$ f(x)=x^2-1$ with an interval of $[0,1]$
i have this equation and made each step to solve this problem, but at the time of applying the special rule when $\sum_{k=1}^{n}k^2= \frac{n(n+1)(2n+1)}{6}$ but i think i messed up a value in my equations because i got a value that doesn't match with the one in my guidebook, here are my steps, please try to explain where i got wrong please, thank you.
here is my work since LATEX is pretty hard rn for me at the moment.

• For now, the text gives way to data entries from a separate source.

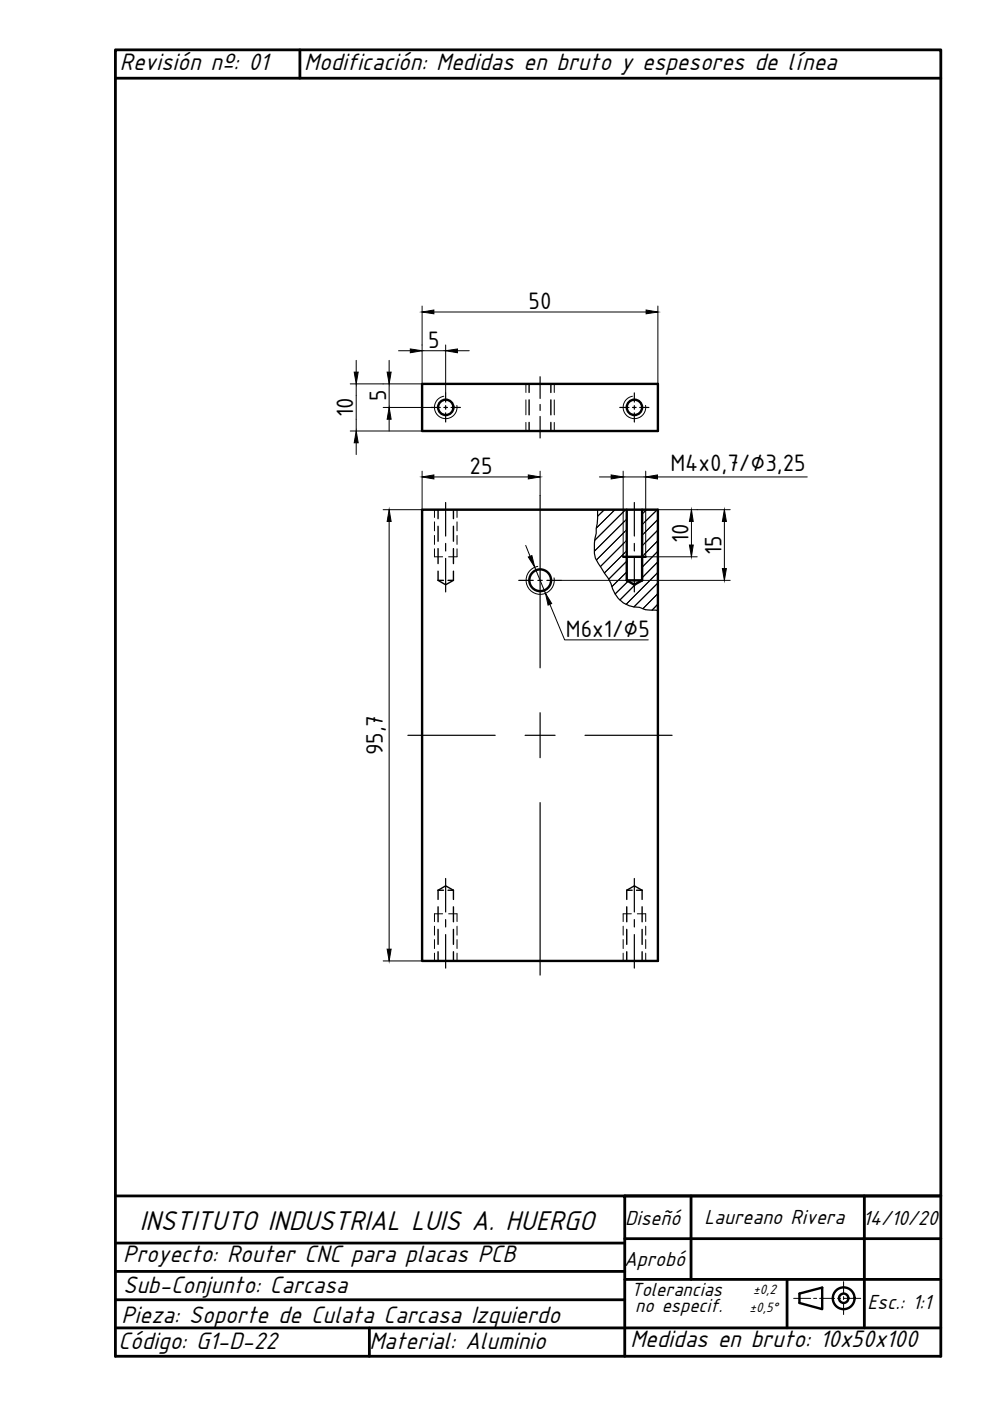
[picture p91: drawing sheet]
<svg xmlns="http://www.w3.org/2000/svg" width="210mm" height="297mm" viewBox="0 0 210 297" stroke-linecap="round" stroke-linejoin="round" font-family="sans-serif">
<defs><g id="words">
<text font-size="6.4" x="29.6" y="260.9">INSTITUTO INDUSTRIAL LUIS A. HUERGO</text>
<g font-size="5.6">
<text x="25.4" y="14.8">Revisión nº: 01</text>
<text x="64.5" y="14.8">Modificación: Medidas en bruto y espesores de línea</text>
<text x="26.1" y="267.6">Proyecto: Router CNC para placas PCB</text>
<text x="26.1" y="274.1">Sub-Conjunto: Carcasa</text>
<text x="25.7" y="280.4">Pieza: Soporte de Culata Carcasa Izquierdo</text>
<text x="25.1" y="286">Código: G1-D-22</text>
<text x="78.3" y="286.1">Material: Aluminio</text>
<text x="133.6" y="285.7">Medidas en bruto: 10x50x100</text>
</g>
<g font-size="5.4">
<text x="112.1" y="65.5">50</text>
<text x="90.8" y="73.8">5</text>
<text x="74.9" y="88.5" transform="rotate(-90 74.9 88.5)">10</text>
<text x="81.9" y="85.1" transform="rotate(-90 81.9 85.1)">5</text>
<text x="99.6" y="100.5">25</text>
<text x="142.2" y="99.8">M4x0,7/∅3,25</text>
<text x="146" y="115.1" transform="rotate(-90 146 115.1)">10</text>
<text x="153" y="117.6" transform="rotate(-90 153 117.6)">15</text>
<text x="120" y="135">M6x1/∅5</text>
<text x="81.2" y="160.2" transform="rotate(-90 81.2 160.2)">95,7</text>
</g>
<g font-size="4.8">
<text x="132.5" y="259.8">Diseñó</text>
<text x="149.4" y="259.6">Laureano Rivera</text>
<text x="182.9" y="259.7">14/10/20</text>
<text x="132.3" y="268.5">Aprobó</text>
<text x="183.9" y="277.5">Esc.: 1:1</text>
</g>
<g font-size="4.5">
<text x="133.8" y="274.7">Tolerancias</text>
<text x="134.7" y="278.2">no especif.</text>
</g>
<g font-size="3.2">
<text x="159.7" y="274.3">±0,2</text>
<text x="158.9" y="278.1">±0,5°</text>
</g>
</g></defs>
<!-- layer: 0 -->
<g fill="none" stroke="#000" stroke-width=".59">
<path d="M63.6 10.6v6M24.5 253.6h108v34M132.5 253.6h67M146.5 253.6v17.7M183.3 253.6v27.9M24.5 275.6h108M24.5 269.6h108M24.5 263.6h108M132.5 271.3h67M132.5 262.6h67M166.9 271.3v10.2M24.5 287.6v-277h175v277"/>
<path d="M24.5 281.5h175M78.3 281.5v6.1"/>
</g>
<!-- layer: DIBUJO -->
<path d="M24.5 16.6h175M24.5 287.6h175" fill="none" stroke="#000" stroke-width=".59"/>
<!-- layer: 0 -->
<g fill="none" stroke="#000" stroke-width=".51">
<path d="M132.9 108.1v14.9M136.1 108.1v14.9M169.5 274.3l4.8-1.3v4.6l-4.8-1.3z"/>
<circle cx="94.5" cy="86.4" r="1.63"/>
<circle cx="134.5" cy="86.4" r="1.63"/>
<circle cx="114.5" cy="123" r="2.31"/>
<circle cx="178.9" cy="275.3" r="2.31"/>
<circle cx="178.9" cy="275.3" r=".99"/>
</g>
<g fill="none" stroke="#000" stroke-width=".21">
<path d="M75.5 76.4v2.5M82.5 76.4v2.5M84.5 74.4h2.5M89.5 64.9v16.5h-15.2M89.5 74.4h5M92 66.2h45M94.5 73.1v10.2M97 74.4h2.5M139.5 64.9v16.5M74.3 91.4h15.2M75.5 81.4v10M75.5 93.9v2.5"/>
<path d="M81.2 86.4h10.2M82.5 81.4v5M82.5 88.9v2.5M89.5 99.9v8.2h-8.3M94.1 84a2.39 2.39 0 0 0-1.9 2.8 2.39 2.39 0 0 0 2.7 1.9 2.39 2.39 0 0 0 2-2.7M114.5 99.9v5.2M132.1 99.9v8.2M134.1 84a2.39 2.39 0 0 0-1.9 2.8 2.39 2.39 0 0 0 2.7 1.9 2.39 2.39 0 0 0 2-2.7M136.9 99.9v8.2M82.5 110.6v90.6M92 101.1h20M111.5 115.6l.9 2.4"/>
<path d="M127.1 101.1h2.5M128.1 108.1l-1.4 1.4M130.4 108.1l-4 3.9M132.1 101.1h4.8M132.6 108.1l-6.5 6.4M132.9 110l-6.9 6.9M132.9 112.3l-6.5 6.4M132.9 114.5l-5.6 5.6M132.9 116.7l-4.8 4.8M132.9 119l-3.8 3.8M136.1 118.1h11.7M137.1 108.1l-1 .9"/>
<path d="M139.4 108.1l-3.3 3.2M139.4 101.1h31.8M139.5 110.1l-3.4 3.4M139.5 112.4l-3.4 3.4M139.5 114.6l-3.4 3.4M139.5 116.9l-3.4 3.4M139.5 119.1l-3.4 3.4M139.5 108.1h15.3M146.6 110.6v5M153.6 110.6v10M113.4 120.3l2.3 5.5M114 120.1a2.98 2.98 0 0 0-2.4 3.4 2.98 2.98 0 0 0 3.5 2.5 2.98 2.98 0 0 0 2.4-3.5"/>
<path d="M116.6 128.1l3.1 7.6h17.8M119 123h35.8M132.9 121.3l-3.1 3.1M133.2 123.2l-2.8 2.7M134.8 123.8l-3.4 3.4M139.5 121.4l-6.7 6.7M139.5 123.6l-5.1 5.1M139.5 125.8l-3.2 3.3M139.5 128.1l-1.2 1.3M81.2 203.7h8.3M168.3 275.3h3.6M172.5 275.3h.6"/>
<path d="M173.8 275.3h3.2M177.6 275.3h.6M178.9 271.7v2.6M178.9 274.9v.6M178.9 276.2v2.5M178.9 275.3h3.6"/>
</g>
<g fill="none" stroke="#000" stroke-width=".25">
<path d="M24.5 10.6h87.5M114.5 79.9v4.6M91.4 86.4h1.9M94.1 86.4h.8M94.5 83.3v1.9M94.5 86v.8M94.5 87.5v2M95.6 86.4h2M114.5 85.8v1.2M114.5 88.3v4.6M131.4 86.4h1.9M134.1 86.4h.8"/>
<path d="M134.5 83.3v1.9M134.5 86v.8M134.5 87.5v2M135.6 86.4h2M94.5 106.5v7.2M94.5 115.2v1.6M94.5 118.4v7.1M114.5 105.1v36.5M126.7 108.1v1.8l-.3 3.2a10.7 10.7 0 0 0-.2 5.2l3.3 5.4a6 6 0 0 0 6.1 5.1 10.2 10.2 0 0 0 3.9 .6M134.5 106.5v7.2M134.5 115.2v1.6M134.5 118.4v7.1"/>
<path d="M110 123h3.1M114 123h1M116 123h3M86.5 155.9h18.5M111.3 155.9h6.4M114.5 151.1v9.5M124 155.9h18.5M114.5 170.2v36.5M94.5 186.3v7.1M94.5 195v1.5M94.5 198.1v7.2M134.5 186.3v7.1"/>
<path d="M134.5 195v1.5M134.5 198.1v7.2"/>
</g>
<!-- layer: Visible (ISO) -->
<path d="M89.5 81.4h50v10h-50zM89.5 108.1h50v95.6h-50z" fill="none" stroke="#000" stroke-width=".51"/>
<!-- layer: Oculto (ISO) -->
<path d="M132.1 118.1h4.8M132.9 123h3.2l-1.6 1z" fill="none" stroke="#000" stroke-width=".51"/>
<g fill="none" stroke="#000" stroke-width=".21">
<path d="M111.5 81.4v1.8M111.5 84.8v3.2M111.5 89.6v1.8M117.5 81.4v1.8M117.5 84.8v3.2M117.5 89.6v1.8M92.1 108.1v1.6M92.1 110.6v2M92.1 113.5v1.9M92.1 116.4v1.7h1.8M96.9 108.1v1.6M96.9 110.6v2"/>
<path d="M96.9 113.5v1.9M96.9 116.4v1.7h-1.8M132.1 108.1v10M136.9 108.1v10M92.1 196.4v1.9M92.1 199.2v1.9M93.9 193.7h-1.8v1.7M95.1 193.7h1.8v1.7M96.9 196.4v1.9M96.9 199.2v1.9M132.1 196.4v1.9M132.1 199.2v1.9"/>
<path d="M133.9 193.7h-1.8v1.7M135.1 193.7h1.8v1.7M136.9 196.4v1.9M136.9 199.2v1.9M92.1 202.1v1.6M96.9 202.1v1.6M132.1 202.1v1.6M136.9 202.1v1.6"/>
</g>
<!-- layer: 0 -->
<g fill="#000" stroke="#000" stroke-width=".21">
<path d="M75.1 78.9h.8l-.4 2.5zM82.1 78.9h.8l-.4 2.5zM87 74l2.5 .4-2.5 .4zM89.5 66.2l2.5-.5v.8zM94.5 74.4l2.5-.4v.8zM137 65.7l2.5 .5-2.5 .3zM75.5 91.4l.4 2.5h-.8zM82.5 86.4l.4 2.5h-.8zM82.5 108.1l.4 2.5h-.8zM89.5 101.1l2.5-.4v.8zM112 100.7l2.5 .4-2.5 .4zM112 118.1l.8-.3 .6 2.5z"/>
<path d="M129.6 100.7l2.5 .4-2.5 .4zM136.9 101.1l2.5-.4v.8zM146.6 108.1l.4 2.5h-.8zM146.2 115.6h.8l-.4 2.5zM153.6 108.1l.4 2.5h-.8zM115.7 125.8l1.3 2.2-.8 .3zM153.2 120.6h.8l-.4 2.4zM82.1 201.2h.8l-.4 2.5z"/>
</g>
<g fill="none" stroke="#000" stroke-width=".3">
<path d="M112.2 81.4v1.8M112.2 84.8v3.2M112.2 89.6v1.8M116.8 81.4v1.8M116.8 84.8v3.2M116.8 89.6v1.8M92.9 108.1v1.9M92.9 111.6v3.2M92.9 116.3v3.2M96.1 108.1v1.9M96.1 111.6v3.2M96.1 116.3v3.2"/>
<path d="M92.9 121.1v1.9M96.1 121.1v1.9M92.9 188.8v1.9M92.9 192.3v3.1M92.9 197v3.2M96.1 188.8v1.9M96.1 192.3v3.1M96.1 197v3.2M132.9 188.8v1.9M132.9 192.3v3.1M132.9 197v3.2M136.1 188.8v1.9"/>
<path d="M136.1 192.3v3.1M136.1 197v3.2M92.9 201.8v1.9M96.1 201.8v1.9M132.9 201.8v1.9M136.1 201.8v1.9"/>
</g>
<!-- layer: Oculto (ISO) -->
<path d="M94 123h-1.1l1.6 1 1.6-1h-1.1M94 188.8h-1.1l1.6-1 1.6 1h-1.1M134 188.8h-1.1l1.6-1 1.6 1h-1.1" fill="none" stroke="#000" stroke-width=".3"/>
<use href="#words"/>
</svg>

$$ \int_0^1 f(x)dx=\lim\limits_{n\rightarrow +\infty}\frac{1}{n}\sum_{k=1}^nf\left(\frac{k}{n}\right) $$ And $$ \begin{aligned} \frac{1}{n}\sum_{k=1}^nf\left(\frac{k}{n}\right)&=\frac{1}{n}\sum_{k=1}^n\left(\frac{k^2}{n^2}-1\right) \\ &=\frac{1}{n^3}\sum_{k=1}^n k^2-1 \\ &=\frac{n(n+1)(2n+1)}{6n^3}-1 \end{aligned}$$ Letting $n\rightarrow +\infty$ gives $$ \int_0^1 f(x)dx=\frac{2}{6}-1=-\frac{2}{3} $$